How the issue got to such a ruling is a twofold story.
First, Patric and Schreiber have been fighting over custody of their four-year-old son, who was born through artificial insemination. Thanks to California law, which grants the mother full custody unless there is a written agreement establishing parental rights before conception, a judge has denied The Lost Boys star access to his son. So as the custody battle heads to an appeals court next month, Gus can be considered in some respects a legal stranger to his father.
Second, in response to the situation, Patric started “Stand Up for Gus” and has been promoting it through media interviews, at fundraising events, on Twitter and on Facebook. Schreiber sought a restraining order preventing Patrric from using the child’s name and likeness for alleged commercial purposes without her permission. Usually, celebrities lean upon laws protecting one’s likeness to prevent others from exploiting their fame, but in this instance — and this is why this sort of situation hasn’t popped up before — Patric was using his fame and the name of his in vitro son to promote his cause.
Schreiber’s attorney, Patty Glaser, insisted the child’s “exploitation” was at stake, while Patric’s attorney, Lawrence Iser, focused the judge’s attention on the First Amendment. “Our country is founded upon the fundamental rights to speak freely and petition for causes, and the censorship sought by Ms. Schreiber is contrary to those fundamental values,” said Iser.
At a hearing on Monday, Judge Stephen Moloney agreed that to grant a restraining order would mean a prior restraint.

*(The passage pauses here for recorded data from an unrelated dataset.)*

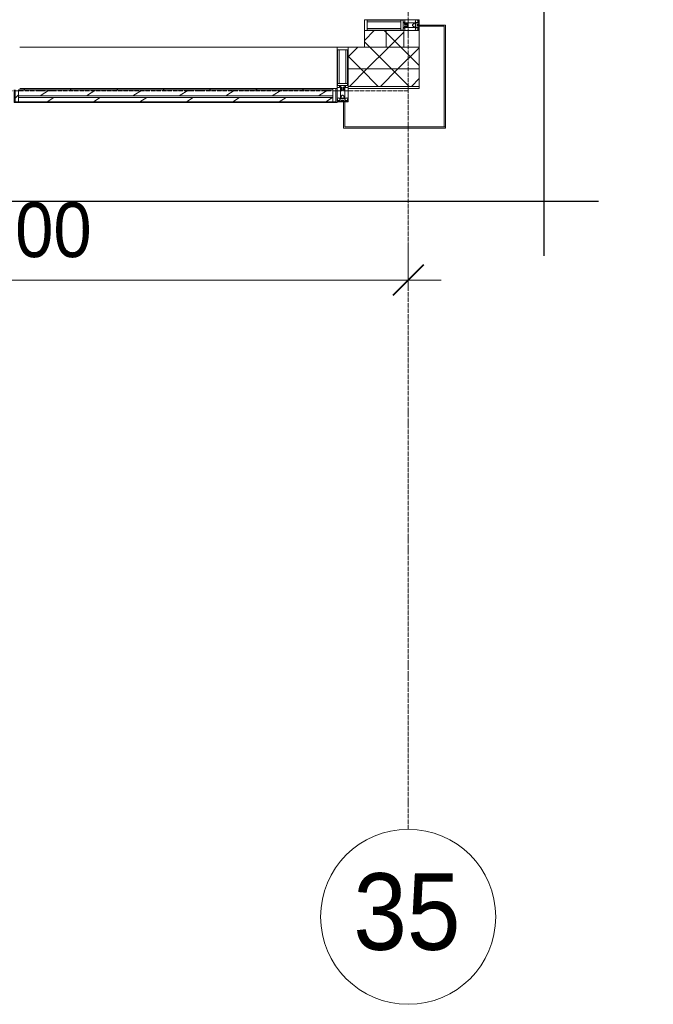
# Model space of a CAD drawing. Header units: millimetres. Extents: x 2030 to 80923, y 1212 to 50318.
# Tile 5 of 25: x 43329 to 46224, y 11226 to 15725. Entities that reach past the tile are written whole.
import ezdxf

# ---------------------------------------------------------------- set-up
doc = ezdxf.new("R2010")
doc.units = ezdxf.units.MM
doc.linetypes.add('ADSK_Линия сетки', pattern=[25, 20, -2.5, 0, -2.5])
doc.linetypes.add('Линия сетки', pattern=[25, 20, -2.5, 0, -2.5])
for name, color, linetype, lineweight in [('Импосты витража', 7, 'Continuous', 18), ('Колонны', 7, 'Continuous', 18), ('Оси', 7, 'Continuous', 9), ('Панели витража', 7, 'Continuous', 18), ('Размеры', 7, 'Continuous', 9), ('Размеры-100', 7, 'Continuous', 9), ('Стены разрез', 7, 'Continuous', 40), ('Стены штриховка', 7, 'Continuous', 40), ('Элементы узлов', 7, 'Continuous', 18)]:
    doc.layers.add(name, color=color, linetype=linetype, lineweight=lineweight)
doc.styles.add('Arial', font='arial.ttf', dxfattribs={"width": 0.9, "height": 250})
doc.styles.add('Arial_1', font='arial.ttf', dxfattribs={"width": 0.9, "height": 350})
doc.dimstyles.new('Основной_2_5_мм', dxfattribs={"dimscale": 304.8, "dimtxt": 255.06485, "dimasz": 0.463911, "dimexe": 0.492126, "dimexo": 0.492126, "dimgap": 0.098425, "dimtad": 1, "dimdec": 0, "dimdsep": 46, "dimtxsty": 'Arial', "dimblk1": 'OBLIQUE', "dimblk2": 'OBLIQUE', "dimsah": 1, "dimcen": 0.09, "dimdle": 0.492126, "dimazin": 2, "dimtfac": 1, "dimtdec": 4, "dimtix": 1, "dimtmove": 0, "dimatfit": 3, "dimfxl": 1, "dimtvp": 1, "dimtolj": 1, "dimtzin": 0, "dimlwd": 20, "dimlwe": 20, "dimarcsym": 2})
pattern_1 = [(45, (0, 0), (-70.71068, 70.71068), []), (135, (0, 0), (-70.71068, -70.71068), [])]
pattern_2 = [(225, (135687.5, 15350), (106.06602, -106.06602), [])]

# ---------------------------------------------------------------- blocks, each defined once
blk = doc.blocks.new('Rectangular Mullion - R_InvisibleFrame_50Wx250H-7208071-МКСС_К4_L01_1_4_350__Техпространство_короб - зависимый 1')
at = {"layer": 'Импосты витража', "color": 253, "lineweight": 5, "true_color": 0xaaaaaa}
for p in [(136475, 15410), (136800, 15420)]:
    blk.add_line(p, (136800, 15410), dxfattribs=at)
blk = doc.blocks.new('A_PAN_VentilationGrill - Горизонтальные_Стекло-7119083-МКСС_К4_L01_1_4_350__Техпространство_короб - зависимый 1')
at = {"layer": 'Панели витража', "lineweight": 5}
h = blk.add_hatch(dxfattribs=at)
h.set_pattern_fill('FP_10', color=256, style=0, pattern_type=2)
h.set_pattern_definition(pattern_2)
h.paths.add_polyline_path([(-707.5, 3), (-707.5, 0), (707.5, 0), (707.5, 3), (-474.1, 3)])
h = blk.add_hatch(dxfattribs=at)
h.set_pattern_fill('FP_10', color=256, style=0, pattern_type=2)
h.set_pattern_definition(pattern_2)
h.paths.add_polyline_path([(-732.5, 0), (-732.5, -60), (-717.5, -60), (-717.5, 0)])
h.paths.add_polyline_path([(732.5, 0), (717.5, 0), (717.5, -55.2), (732.5, -55), (732.5, -20)])
h = blk.add_hatch(dxfattribs=at)
h.set_pattern_fill('FP_9', color=256, style=0, pattern_type=2)
h.set_pattern_definition([(213.056, (135687.5, 7082.59), (20.16186, -124.93236), [])])
h.paths.add_polyline_path([(707.5, 0), (-717.5, 0), (-717.5, -20), (717.5, -20), (717.5, 0)])
h = blk.add_hatch(dxfattribs=at)
h.set_pattern_fill('FP_11', color=256, style=0, pattern_type=2)
h.set_pattern_definition([(213.056, (135687.5, 7034.82), (20.16186, -124.93236), [])])
h.paths.add_polyline_path([(-474.1, -26.6), (-717.5, -26.6), (-717.5, -55), (717.5, -55), (717.4, -26.6), (550.6, -26.6)])
h = blk.add_hatch(dxfattribs=at)
h.set_pattern_fill('FP_10', color=256, style=0, pattern_type=2)
h.set_pattern_definition(pattern_2)
h.paths.add_polyline_path([(550.6, -55), (-717.5, -55), (-717.5, -60), (712.5, -60), (712.5, -55), (678.7, -55)])
at = {"layer": 'Панели витража', "color": 253, "lineweight": 5, "true_color": 0xaaaaaa}
for p, q in [((-707.5, 3), (-737.5, 3)), ((-737.5, 3), (-737.5, -60)), ((-707.5, 0), (-707.5, 3)), ((707.5, 3), (-707.5, 3)), ((737.5, 3), (707.5, 3)), ((707.5, 3), (707.5, 0)), ((737.5, -55), (737.5, 3)), ((-732.5, -60), (-732.5, 0)), ((-732.5, 0), (-707.5, 0)), ((-717.5, -20), (-717.5, 0)), ((717.5, -20), (-717.5, -20)), ((-717.5, -20), (-717.5, -26.6)), ((-717.5, -26.6), (717.5, -26.6)), ((-717.5, -55), (-717.5, -26.6)), ((-707.5, 0), (707.5, 0)), ((707.5, 0), (732.5, 0)), ((717.5, 0), (717.5, -20)), ((717.5, -26.6), (717.5, -20)), ((717.5, -26.6), (717.5, -55)), ((732.5, 0), (732.5, -55)), ((-737.5, -60), (-732.5, -60)), ((-717.5, -60), (-717.5, -55)), ((717.5, -55), (-717.5, -55)), ((712.5, -60), (-717.5, -60))]:
    blk.add_line(p, q, dxfattribs=at)
blk = doc.blocks.new('Rectangular Mullion - R_InvisibleFrame_50Wx250H-7119938-МКСС_К4_L01_1_4_350__Техпространство_короб - зависимый 1')
at = {"layer": 'Импосты витража', "color": 253, "lineweight": 5, "true_color": 0xaaaaaa}
for p, q in [((134975, 15600), (136425, 15600)), ((136405, 15410), (136420, 15410))]:
    blk.add_line(p, q, dxfattribs=at)
blk = doc.blocks.new('Rectangular Mullion - 50Wx250H-2623690-МКСС_К4_L01_1_4_350__Техпространство_короб - зависимый 1')
at = {"layer": 'Элементы узлов', "color": 253, "lineweight": 5, "true_color": 0xaaaaaa}
for p, q in [((-25, 65.2), (-25, 250)), ((-25, 250), (0, 250)), ((-23, 237.3), (0, 237.3)), ((-23, 237.3), (-23, 73.6)), ((-14.9, 84), (-14.9, 237.3)), ((25, 250), (0, 250)), ((23, 237.3), (0, 237.3)), ((14.9, 84), (14.9, 237.3)), ((23, 237.3), (23, 73.6)), ((25, 65.2), (25, 250)), ((-14, 65.2), (-25, 65.2)), ((0, 84), (-23, 84)), ((-0.5, 73.6), (-23, 73.6)), ((-14, 71.3), (-14, 65.2)), ((-10, 71.3), (-14, 71.3)), ((-10, 53), (-10, 71.3)), ((-8.7, 53), (-10, 53)), ((-10, 53), (-10, 17)), ((-8.7, 53), (-7, 54.7)), ((-7, 65.2), (-5.9, 67.3)), ((-7, 65.2), (-7, 54.7)), ((-4.1, 67.3), (-5.9, 67.3)), ((-4.1, 67.3), (-2.9, 65.1)), ((-2.9, 65.1), (-2.9, 54.6)), ((-1.3, 53), (-2.9, 54.6)), ((0, 53), (-1.3, 53)), ((0, 84), (23, 84)), ((0, 53), (1.3, 53)), ((0.5, 73.6), (23, 73.6)), ((1.3, 53), (2.9, 54.6)), ((4.1, 67.3), (2.9, 65.1)), ((2.9, 65.1), (2.9, 54.6)), ((4.1, 67.3), (5.9, 67.3)), ((7, 65.2), (5.9, 67.3)), ((7, 65.2), (7, 54.7)), ((8.7, 53), (7, 54.7)), ((8.7, 53), (10, 53)), ((10, 71.3), (14, 71.3)), ((10, 53), (10, 71.3)), ((10, 53), (10, 17)), ((14, 71.3), (14, 65.2)), ((14, 65.2), (25, 65.2)), ((-23.8, 14.6), (-25, 14.2)), ((-25, 0), (-25, 14.2)), ((-22.3, 17), (-23.8, 17)), ((-23.8, 17), (-23.8, 14.6)), ((-22.5, 10.6), (-23.8, 14.6)), ((-22.5, 10.6), (-23.7, 9.9)), ((-23.7, 1.3), (-23.7, 9.9)), ((-23.7, 1.3), (-11.8, 1.3)), ((-23.2, 10.2), (-22.5, 8)), ((-22.5, 8), (-22.5, 4.5)), ((-21.3, 4.5), (-22.5, 4.5)), ((-22.3, 17), (-22.3, 16)), ((-22.3, 16), (-21.3, 16)), ((-19, 17.6), (-21.3, 16)), ((-21.3, 4.5), (-21.3, 6.5)), ((-21.3, 6.5), (-14.2, 6.5)), ((-18.4, 16.6), (-19, 17.6)), ((-7.4, 16.6), (-18.4, 16.6)), ((-14.2, 6.5), (-14.2, 4.5)), ((-13.2, 4.5), (-14.2, 4.5)), ((-13.2, 4.5), (-12.2, 7.2)), ((-12.7, 7.6), (-11.3, 11.4)), ((-12.7, 7.6), (-11.8, 6.9)), ((-12.2, 9), (-12.2, 14.8)), ((-12.2, 14.8), (0, 14.8)), ((-11.8, 1.3), (-11.8, 6.9)), ((-10.5, 11.2), (-11.3, 11.4)), ((-10.5, 1.5), (-10.5, 11.2)), ((-4.8, 1.5), (-10.5, 1.5)), ((-10, 17), (-7.5, 17)), ((-8.5, 23), (-1.5, 30)), ((-8.5, 18.5), (-8.5, 23)), ((-7.5, 18.5), (-8.5, 18.5)), ((-7.5, 17), (-7.5, 18.5)), ((-7.4, 18), (-7.4, 16.6)), ((-2.6, 18), (-7.4, 18)), ((0, 8), (-4.8, 8)), ((-4.8, 1.5), (-4.8, 8)), ((-2.6, 18), (-2.6, 16.8)), ((-2.6, 16.8), (0, 16.8)), ((-1.5, 30), (0, 30)), ((1.5, 30), (0, 30)), ((2.6, 16.8), (0, 16.8)), ((0, 14.8), (0, 16.8)), ((0, 14.8), (0, 16.8)), ((12.2, 14.8), (0, 14.8)), ((0, 0), (0, 8)), ((0, 8), (4.8, 8)), ((0, 0), (0, 8)), ((8.5, 23), (1.5, 30)), ((2.6, 18), (2.6, 16.8)), ((2.6, 18), (7.4, 18)), ((4.8, 1.5), (4.8, 8)), ((4.8, 1.5), (10.5, 1.5)), ((7.4, 18), (7.4, 16.6)), ((7.4, 16.6), (18.4, 16.6)), ((7.5, 18.5), (8.5, 18.5)), ((7.5, 17), (7.5, 18.5)), ((10, 17), (7.5, 17)), ((8.5, 18.5), (8.5, 23)), ((10.5, 11.2), (11.3, 11.4)), ((10.5, 1.5), (10.5, 11.2)), ((12.7, 7.6), (11.3, 11.4)), ((12.7, 7.6), (11.8, 6.9)), ((11.8, 1.3), (11.8, 6.9)), ((23.7, 1.3), (11.8, 1.3)), ((12.2, 9), (12.2, 14.8)), ((13.2, 4.5), (12.2, 7.2)), ((13.2, 4.5), (14.2, 4.5)), ((21.3, 6.5), (14.2, 6.5)), ((14.2, 6.5), (14.2, 4.5)), ((18.4, 16.6), (19, 17.6)), ((19, 17.6), (21.3, 16)), ((22.3, 16), (21.3, 16)), ((21.3, 4.5), (21.3, 6.5)), ((21.3, 4.5), (22.5, 4.5)), ((22.3, 17), (22.3, 16)), ((22.3, 17), (23.8, 17)), ((22.5, 10.6), (23.8, 14.6)), ((22.5, 10.6), (23.7, 9.9)), ((23.2, 10.2), (22.5, 8)), ((22.5, 8), (22.5, 4.5)), ((23.7, 1.3), (23.7, 9.9)), ((23.8, 17), (23.8, 14.6)), ((23.8, 14.6), (25, 14.2)), ((25, 0), (25, 14.2)), ((-25, 0), (0, 0)), ((25, 0), (0, 0))]:
    blk.add_line(p, q, dxfattribs=at)
for centre, start, end in [((-0.5, 73.1), 360, 90), ((0.5, 73.1), 90, 180)]:
    blk.add_arc(centre, 0.5, start, end, dxfattribs=at)
blk = doc.blocks.new('Rectangular Mullion - R_StandardFrame_50Wx250H-5818508-МКСС_К4_L01_1_4_350__Техпространство_короб - зависимый 1')
at = {"layer": 'Импосты витража', "color": 253, "lineweight": 5, "true_color": 0xaaaaaa}
for p, q in [((-25, 0), (-25, 250)), ((-25, 250), (25, 250)), ((25, 250), (25, 0)), ((-10, 0), (-25, 0)), ((25, 0), (-5, 0))]:
    blk.add_line(p, q, dxfattribs=at)
blk = doc.blocks.new('A_SLK_PAN_Type1 - Прямой тип панели-6537209-МКСС_К4_L01_1_4_350__Техпространство_короб - зависимый 1')
at = {"layer": 'Колонны', "lineweight": 5}
for p, q in [((230, 0), (230, -115)), ((235, 0), (230, 0)), ((235, -120), (235, 0)), ((230, -115), (-230, -115)), ((-230, -115), (-230, -120)), ((-230, -120), (235, -120))]:
    blk.add_line(p, q, dxfattribs=at)
blk = doc.blocks.new('A_SLK_PAN_Type1 - Прямой тип панели-7498857-МКСС_К4_L01_1_4_350__Техпространство_короб - зависимый 1')
at = {"layer": 'Колонны', "lineweight": 5}
for p, q in [((-230, 120), (235, 120)), ((-230, 115), (-230, 120)), ((230, 115), (-230, 115)), ((230, 0), (230, 115)), ((235, 120), (235, 0)), ((235, 0), (230, 0))]:
    blk.add_line(p, q, dxfattribs=at)
blk = doc.blocks.new('Rectangular Mullion - R_StandardFrame_50Wx250H-7208032-МКСС_К4_L01_1_4_350__Техпространство_короб - зависимый 1')
at = {"layer": 'Импосты витража', "color": 253, "lineweight": 5, "true_color": 0xaaaaaa}
blk.add_line((136800, 15600), (136800, 15675), dxfattribs=at)
blk = doc.blocks.new('Rectangular Mullion - R_StandardFrame_50Wx250H-V16-МКСС_К4_L01_1_4_350__Техпространство_короб - зависимый 1')
at = {"layer": 'Импосты витража', "color": 253, "lineweight": 5, "true_color": 0xaaaaaa}
for p, q in [((-25, 0), (-25, 250)), ((-25, 250), (25, 250)), ((25, 250), (25, 0)), ((0, 0), (-25, 0)), ((25, 0), (5, 0))]:
    blk.add_line(p, q, dxfattribs=at)
blk = doc.blocks.new('135_SLK_K4_AR_FCD_rvt-1-МКСС_К4_L01_1_4_350__Техпространство_короб - зависимый 1')
at = {"layer": 'Стены разрез', "lineweight": 5, "true_color": 0xaaaaaa}
h = blk.add_hatch(dxfattribs=at)
h.set_pattern_fill('FP_12', color=253, style=0, pattern_type=2)
h.set_pattern_definition(pattern_1)
h.paths.add_polyline_path([(136650, 15600), (136650, 15675), (136550, 15675), (136550, 15600)])
h = blk.add_hatch(dxfattribs=at)
h.set_pattern_fill('FP_12', color=253, style=0, pattern_type=2)
h.set_pattern_definition(pattern_1)
h.paths.add_polyline_path([(136650, 15600), (136730, 15600), (136730, 15675), (136650, 15675)])
h = blk.add_hatch(dxfattribs=at)
h.set_pattern_fill('FP_12', color=253, style=0, pattern_type=2)
h.set_pattern_definition(pattern_1)
h.paths.add_polyline_path([(136475, 15500), (136800, 15500), (136800, 15600), (136475, 15600)])
h = blk.add_hatch(dxfattribs=at)
h.set_pattern_fill('FP_12', color=253, style=0, pattern_type=2)
h.set_pattern_definition(pattern_1)
h.paths.add_polyline_path([(136475, 15420), (136800, 15420), (136800, 15500), (136475, 15500)])
at = {"layer": 'Стены разрез', "color": 253, "lineweight": 9, "true_color": 0xaaaaaa}
for p, q in [((136550, 15675), (136550, 15600)), ((136730, 15675), (136550, 15675)), ((136730, 15600), (136730, 15675)), ((136800, 15600), (136475, 15600)), ((136475, 15600), (136475, 15420)), ((136550, 15600), (136730, 15600)), ((136800, 15420), (136800, 15600)), ((136475, 15420), (136800, 15420))]:
    blk.add_line(p, q, dxfattribs=at)
at = {"layer": 'Стены штриховка', "color": 253, "lineweight": 9, "true_color": 0xaaaaaa}
for p, q in [((136650, 15600), (136650, 15675)), ((136475, 15500), (136800, 15500))]:
    blk.add_line(p, q, dxfattribs=at)
at = {"layer": 'Импосты витража', "color": 253, "lineweight": 5, "true_color": 0xaaaaaa, "extrusion": (0, 0, -1), "rotation": 269.9999999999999}
for name in ['Rectangular Mullion - 50Wx250H-2623690-МКСС_К4_L01_1_4_350__Техпространство_короб - зависимый 1', 'Rectangular Mullion - R_StandardFrame_50Wx250H-V16-МКСС_К4_L01_1_4_350__Техпространство_короб - зависимый 1']:
    blk.add_blockref(name, (-136800, 15700), dxfattribs=at)
at = {"layer": 'Импосты витража', "color": 253, "lineweight": 5, "true_color": 0xaaaaaa}
for name in ['Rectangular Mullion - R_StandardFrame_50Wx250H-7208032-МКСС_К4_L01_1_4_350__Техпространство_короб - зависимый 1', 'Rectangular Mullion - R_InvisibleFrame_50Wx250H-7119938-МКСС_К4_L01_1_4_350__Техпространство_короб - зависимый 1', 'Rectangular Mullion - R_InvisibleFrame_50Wx250H-7208071-МКСС_К4_L01_1_4_350__Техпространство_короб - зависимый 1']:
    blk.add_blockref(name, (0, 0), dxfattribs=at)
at = {"layer": 'Импосты витража', "color": 253, "lineweight": 5, "true_color": 0xaaaaaa, "extrusion": (0, 0, -1)}
for name in ['Rectangular Mullion - 50Wx250H-2623690-МКСС_К4_L01_1_4_350__Техпространство_короб - зависимый 1', 'Rectangular Mullion - R_StandardFrame_50Wx250H-5818508-МКСС_К4_L01_1_4_350__Техпространство_короб - зависимый 1']:
    blk.add_blockref(name, (-136450, 15350), dxfattribs=at)
at = {"layer": 'Колонны', "color": 253, "lineweight": 5, "true_color": 0xaaaaaa}
for name, p, rotation in [('A_SLK_PAN_Type1 - Прямой тип панели-6537209-МКСС_К4_L01_1_4_350__Техпространство_короб - зависимый 1', (136800, 15465), 90.00000000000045), ('A_SLK_PAN_Type1 - Прямой тип панели-7498857-МКСС_К4_L01_1_4_350__Техпространство_короб - зависимый 1', (136690, 15350), 180)]:
    blk.add_blockref(name, p, dxfattribs=dict(at, rotation=rotation))
at = {"layer": 'Панели витража', "color": 253, "lineweight": 5, "true_color": 0xaaaaaa, "rotation": 180}
blk.add_blockref('A_PAN_VentilationGrill - Горизонтальные_Стекло-7119083-МКСС_К4_L01_1_4_350__Техпространство_короб - зависимый 1', (135687.5, 15350), dxfattribs=at)
blk = doc.blocks.new('Ось сетки - Круг_Ø8 мм-6577-МКСС_К4_L01_1_4_350__Техпространство_короб - зависимый 1')
at = {"layer": 'Оси', "lineweight": 20}
for start, end in [(360, 180), (180, 360)]:
    blk.add_arc((0, 0), 4, start, end, dxfattribs=at)
blk = doc.blocks.new('DIMBLOCK6-МКСС_К4_L01_1_4_350__Техпространство_короб - зависимый 1')
at = {"layer": 'Размеры-100', "lineweight": 20, "transparency": 16777216}
for p, q in [((41504, 14535.5), (41504, 14685.5)), ((45104, 14535.5), (45104, 14685.5)), ((41504, 14535.5), (45254, 14535.5)), ((41504, 14535.5), (41504, 14485.5)), ((45104, 14535.5), (45104, 14485.5))]:
    blk.add_line(p, q, dxfattribs=at)
at = {"layer": 'Размеры-100', "lineweight": 40, "transparency": 16777216}
for p, q in [((41504, 14535.5), (41574.7, 14606.2)), ((45104, 14535.5), (45174.7, 14606.2)), ((41504, 14535.5), (41433.3, 14464.8)), ((45104, 14535.5), (45033.3, 14464.8))]:
    blk.add_line(p, q, dxfattribs=at)
at = {"layer": 'Размеры-100', "color": 0, "lineweight": 20, "transparency": 16777216, "insert": (42958.7, 14890.1), "char_height": 250, "width": 828.765, "attachment_point": 1, "line_spacing_factor": 0.941778, "style": 'Arial'}
blk.add_mtext('3600', dxfattribs=at)
blk = doc.blocks.new('_Oblique')
at = {"color": 0, "linetype": 'ByBlock', "lineweight": -2}
blk.add_line((-0.5, -0.5), (0.5, 0.5), dxfattribs=at)
blk = doc.blocks.new('*U142')
at = {"color": 0, "linetype": 'ByBlock', "lineweight": -2, "ltscale": 0.5}
for points in [[(155.398, 193.013), (155.398, 97.756), (160.398, 96.506), (150.398, 94.006), (155.398, 92.756), (155.398, -2.5)], [(-2.5, 0), (75.199, 0), (76.449, 5), (78.949, -5), (80.199, 0), (157.898, 0)]]:
    blk.add_lwpolyline(points, dxfattribs=at)

msp = doc.modelspace()

# ---------------------------------------------------------------- linework, layer by layer
at = {"layer": 'Оси', "linetype": 'Линия сетки'}
msp.add_line((45104.014, 12025.734), (45104.014, 32990), dxfattribs=at)
at = {"layer": 'Оси', "linetype": 'ADSK_Линия сетки'}
msp.add_line((45104.014, 15400), (27689.279, 15400), dxfattribs=at)

# ---------------------------------------------------------------- block references
at = {"xscale": 100, "yscale": 100, "zscale": 100}
msp.add_blockref('*U142', (30184.085, 14895.395), dxfattribs=at)
at = {"lineweight": 5}
msp.add_blockref('135_SLK_K4_AR_FCD_rvt-1-МКСС_К4_L01_1_4_350__Техпространство_короб - зависимый 1', (-91645.986, 0), dxfattribs=at)
at = {"layer": 'Оси', "lineweight": 20, "xscale": 99.99999999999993, "yscale": 99.99999999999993, "zscale": 99.99999999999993}
msp.add_blockref('Ось сетки - Круг_Ø8 мм-6577-МКСС_К4_L01_1_4_350__Техпространство_короб - зависимый 1', (45104.014, 11625.734), dxfattribs=at)

# ---------------------------------------------------------------- texts
at = {"layer": 'Оси', "insert": (44853.434, 11824.684), "char_height": 350, "width": 606.07575, "attachment_point": 1, "style": 'Arial_1'}
msp.add_mtext('35', dxfattribs=at)

# ---------------------------------------------------------------- dimensions: what is measured, and where the dimension line sits
at = {"layer": 'Размеры', "lineweight": 20}
dim = msp.add_linear_dim(base=(45104.014, 14535.537), p1=(41504.014, 14635.522), p2=(45104.014, 14635.522), dimstyle='Основной_2_5_мм', override={"dimpost": '<>', "dimfxl": 3600}, dxfattribs=at)
dim.commit()
dim.dimension.update_dxf_attribs({"geometry": 'DIMBLOCK6-МКСС_К4_L01_1_4_350__Техпространство_короб - зависимый 1', "text_midpoint": (43304.014, 14693.265)})

doc.saveas('drawing.dxf')

This doesn’t necessarily foreclose Schreiber’s legal recourse for any improper statements by Patric after they are made, but the judge doesn’t see the need to create something that would be tantamount to a gag.
Patric tells The Hollywood Reporter, “After numerous attempts to stop me from speaking about my child, and to use the legal process to deprive me of my constitutional right of free speech, my victory today is not only for me and my son Gus, but for all other parents who will have the right to speak of and about their children in any form of media that they wish.”